Dos que tiveram o crédito aprovado, total ou parcialmente, é interessante perceber a existência de soluções alternativas:

“Boa tarde, quem me forneceu o credito foi um projeto das casas Bahia. comprei material e uma assinatura de imagens já que trabalho com papelaria personalizada e sublimação. O valor veio em boa hora, porem devido o valor ser um pouco baixo tive que dividir bem. Sonho e ter um estoque bom de material mas não esta sendo possível.”

“Bom fui atendido prontamente pela empresa , todos os documentos solicitados foram enviados sem muita burocracia , analise de credito rápida eficaz . agradeço pela ajuda na atual situação pois os bancos públicos e privados são praticamente impossíveis de conseguir algum tipo de credito.”

“Existem muitas burocracias para obter um empréstimo. O banco Bradesco pelo aplicativo me oferece $1090,00 de crédito, mesmo pagando em dia quando termina não consigo outro rapidamente. O aplicativo do mercado pago é o melhor, meu limite vai aumentando conforme são pagas as parcelas em dia, ao término me oferecem valores maiores. Outra opção é o cartão de crédito do banco panamericano que me oferece as vezes uma proposta de $5000,00. Sou grata por esses que confiam nos pequenos.”

Análises

A enquete trouxe mais mulheres negras, de São Paulo e do Rio de Janeiro, e relata a sua experiência com o acesso a crédito.

Observamos que existe uma grande necessidade de crédito durante a pandemia para injetar no negócio, principalmente capital de giro e compra de equipamento, e também para pagar contas pessoais e da família.

Apesar de saber da existência de diferentes ofertas de crédito, ainda existe pouca clareza a respeito das exigências e garantias que serão solicitadas. E é justamente esse ponto, além da não-capacidade de pagar as taxas, que é mais crítico para os empreendedores. Muitos não solicitam por não se encaixarem e a maioria que solicita é negada pela mesma razão. Mais especificamente, os documentos pedidos não se adequam à realidade dos empreendedores e a situação de inadimplência ou negatividade do CPF barra o processo.

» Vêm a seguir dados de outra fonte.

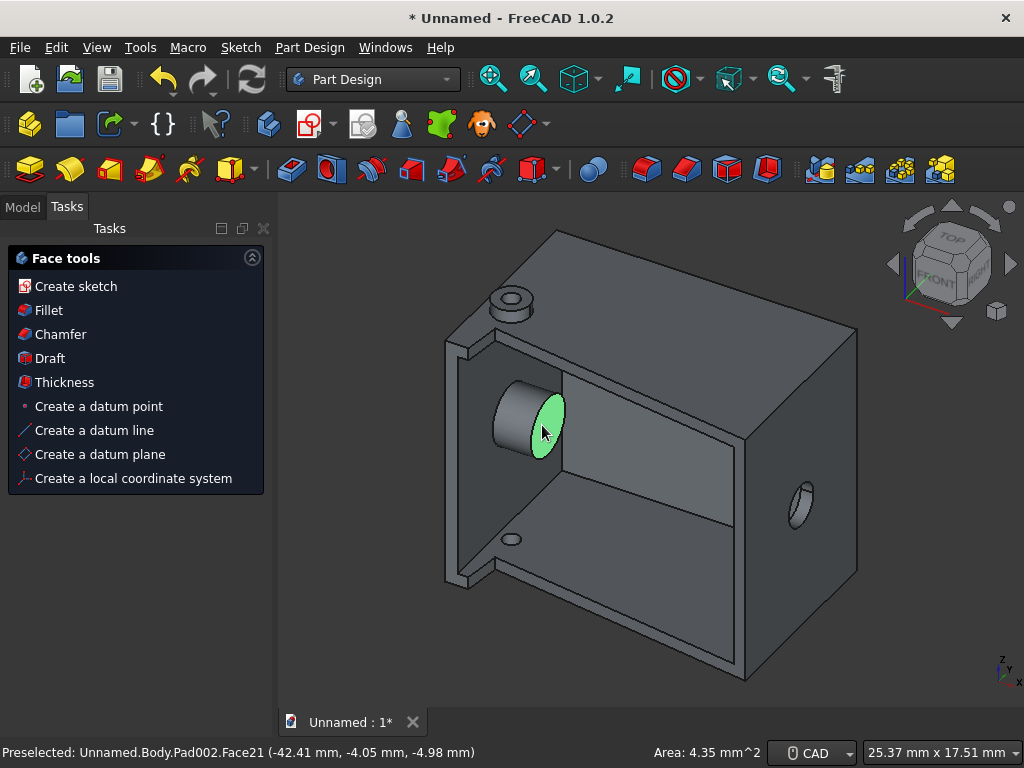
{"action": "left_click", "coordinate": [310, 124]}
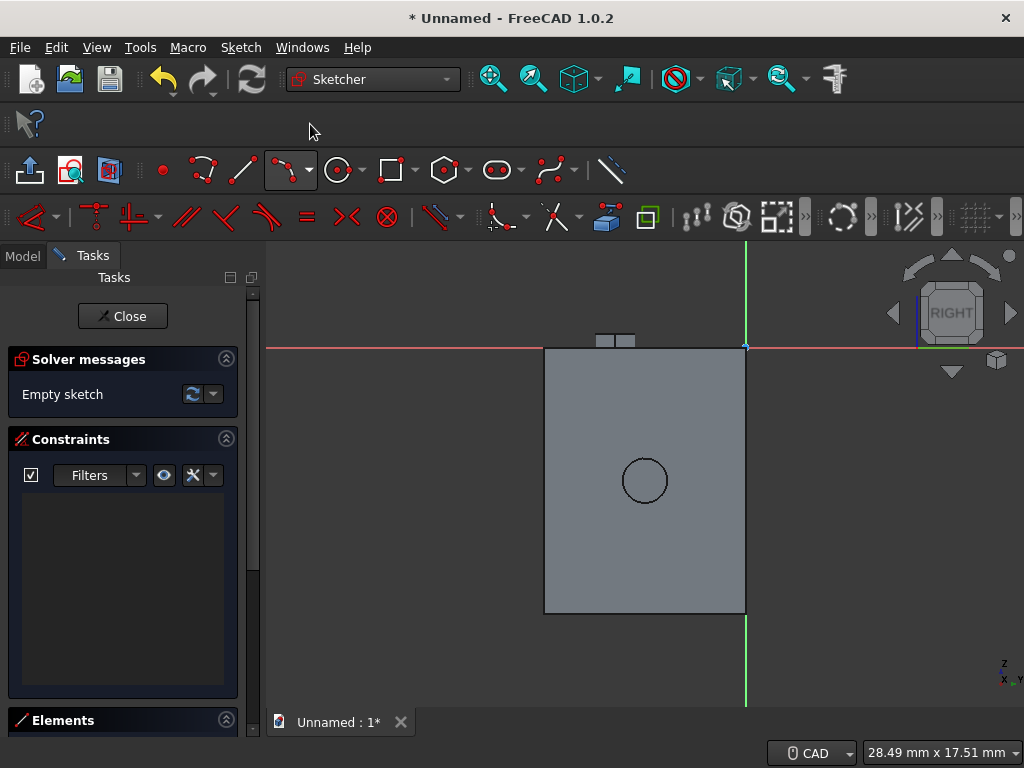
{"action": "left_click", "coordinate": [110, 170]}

Os respondentes também relataram um certo distanciamento com as entidades que oferecem crédito: não parecem saber para quem pedir e não conseguem acessar essa solução. Os bancos, comerciais e públicos, são os mais acessados, porém são os que geram menos conforto para os empreendedores. Em contrapartida, organizações da sociedade civil e aplicativos beneficiam-se de uma imagem positiva, mas são pouco solicitados.

Por fim, colhemos relatos de soluções alternativas para os empreendedores, que permitem essa injeção financeira, mais no formato de auxílio do que crédito, e gerando impactos positivos nesse contexto de crise.